If you dig far enough back in Daveed Diggs’s Instagram feed, you’ll find a blurry picture of a framed white poster on a yellowing wall. The poster, filled with a dense list of names, is topped with a brief, triumphant title: “Hamilton.”

He took that photo just before the opening night performance of the musical that’s come to signal a distinctive, even revolutionary, moment in American culture. Diggs, 34, was part of the blockbuster from its off-Broadway start at the Public Theater, originating the roles of the Marquis de Lafayette and Thomas Jefferson. (Lin-Manuel Miranda, the creator of “Hamilton,” tapped Diggs for those roles after he joined Miranda’s hip-hop comedy group Freestyle Love Supreme.) The rapper and actor, who is the son of a white Jewish mother and black father from Oakland, won a 2016 Tony Award for his performance.

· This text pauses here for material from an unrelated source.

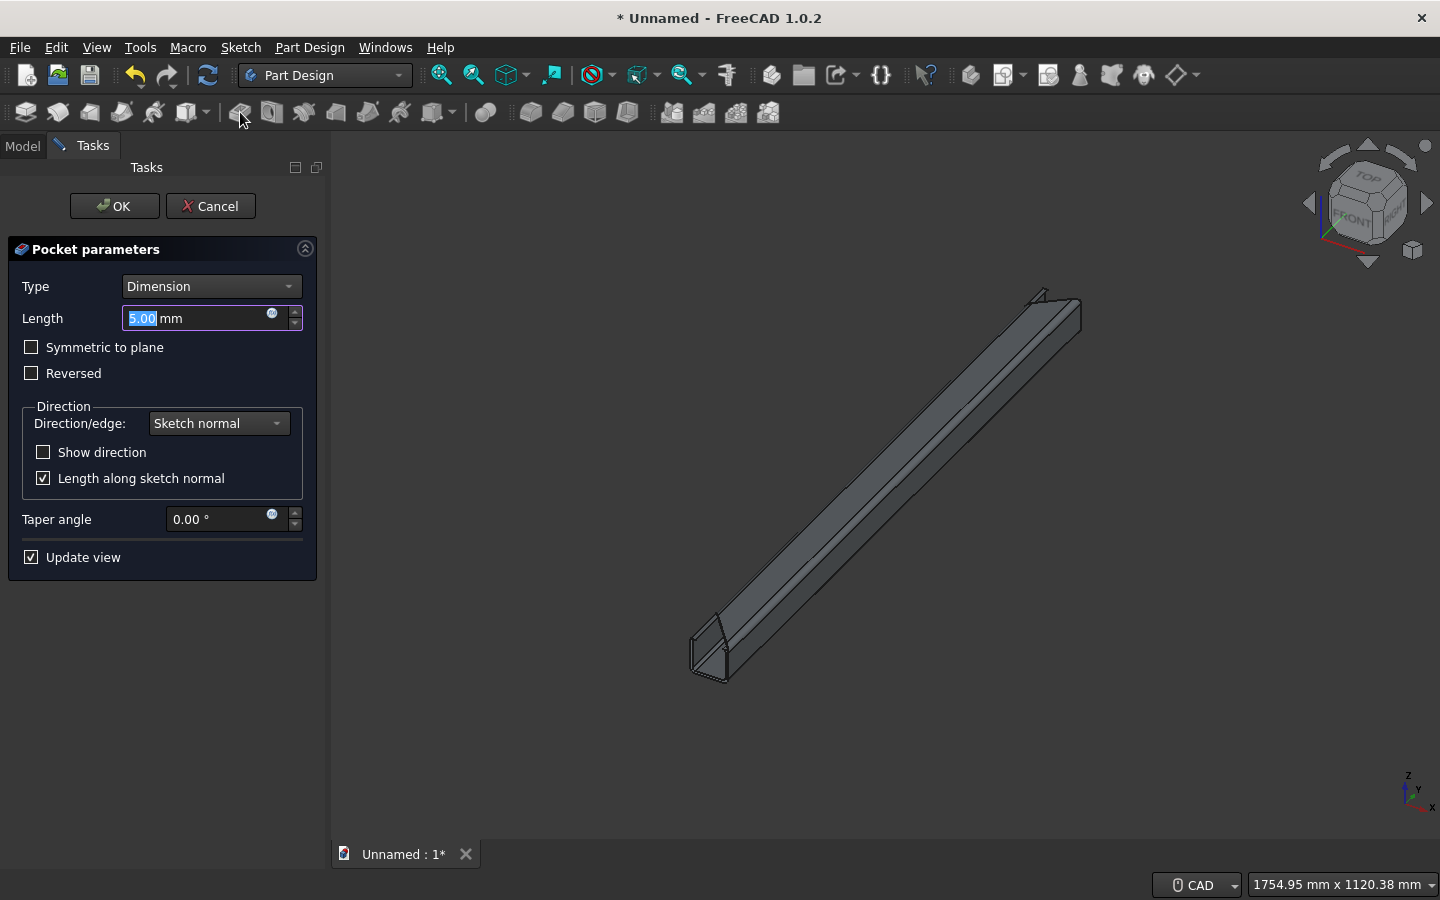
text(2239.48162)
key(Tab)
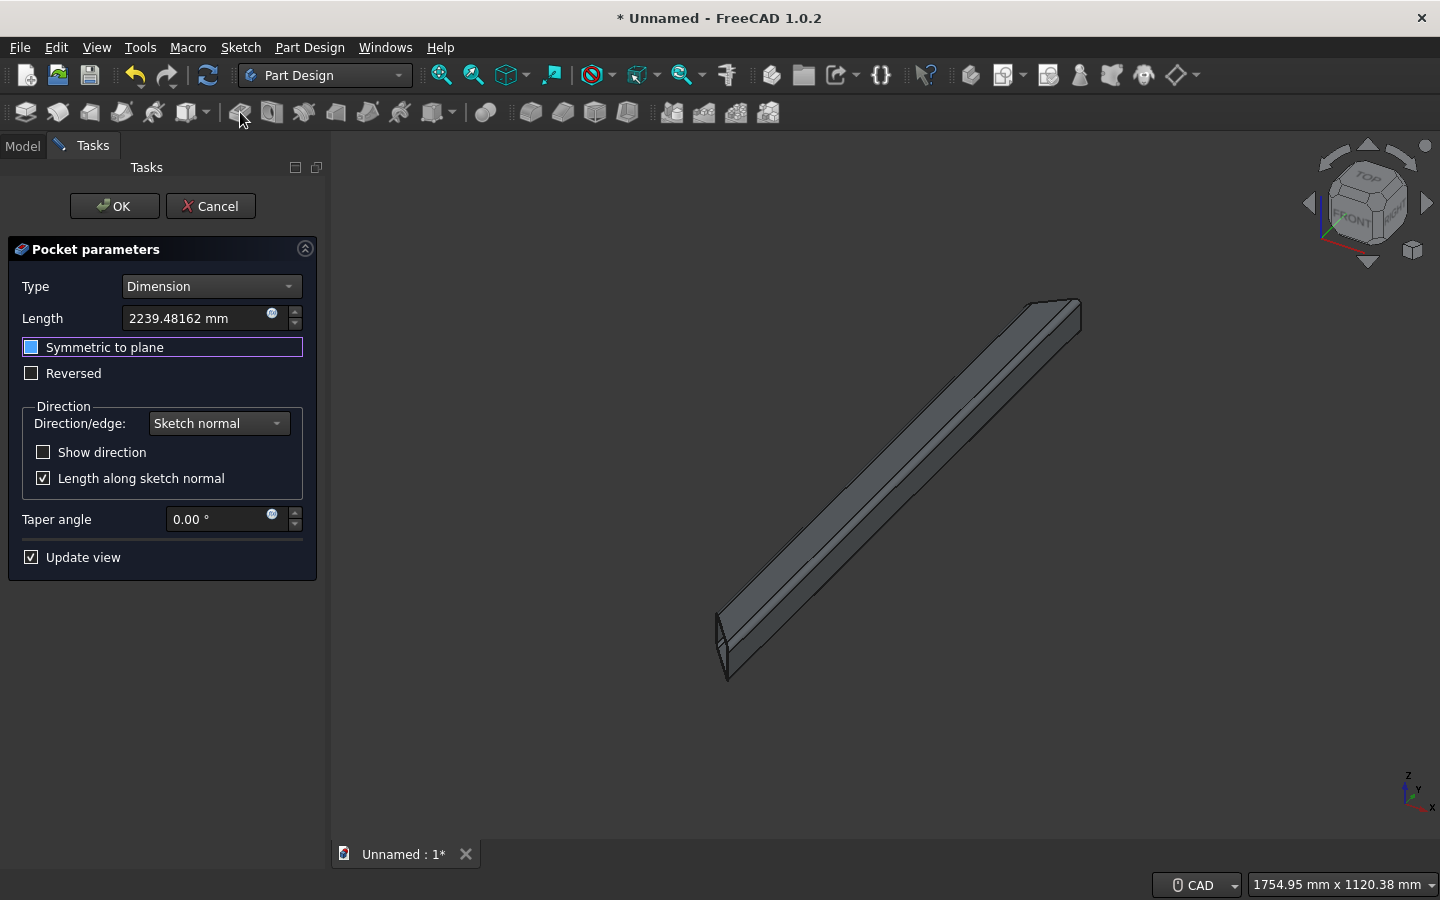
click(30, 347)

Diggs left “Hamilton” in July. Since his departure, he’s appeared in Baz Luhrmann’s Netflix series “The Get Down” and ABC’s “Black-ish.” He’s also been announced as an executive producer for a forthcoming ABC show about a struggling rapper who unexpectedly wins a mayoral election. In further hyper-busyness, Diggs has played a new character — one of Mr. Noodle’s brothers — for HBO’s relaunch of “Sesame Street” next year, released “Splendor and Misery,” the second full-length album of his noise-rap collective, and wrapped up the second iteration of #BARS, a workshop on hip-hop and theater he co-created at the Public Theater.

In a now-familiar “Hamilton” refrain, characters insist they’re “not throwing away” their shot. Diggs, it seems, is living up to the ambition of the musical that made him famous.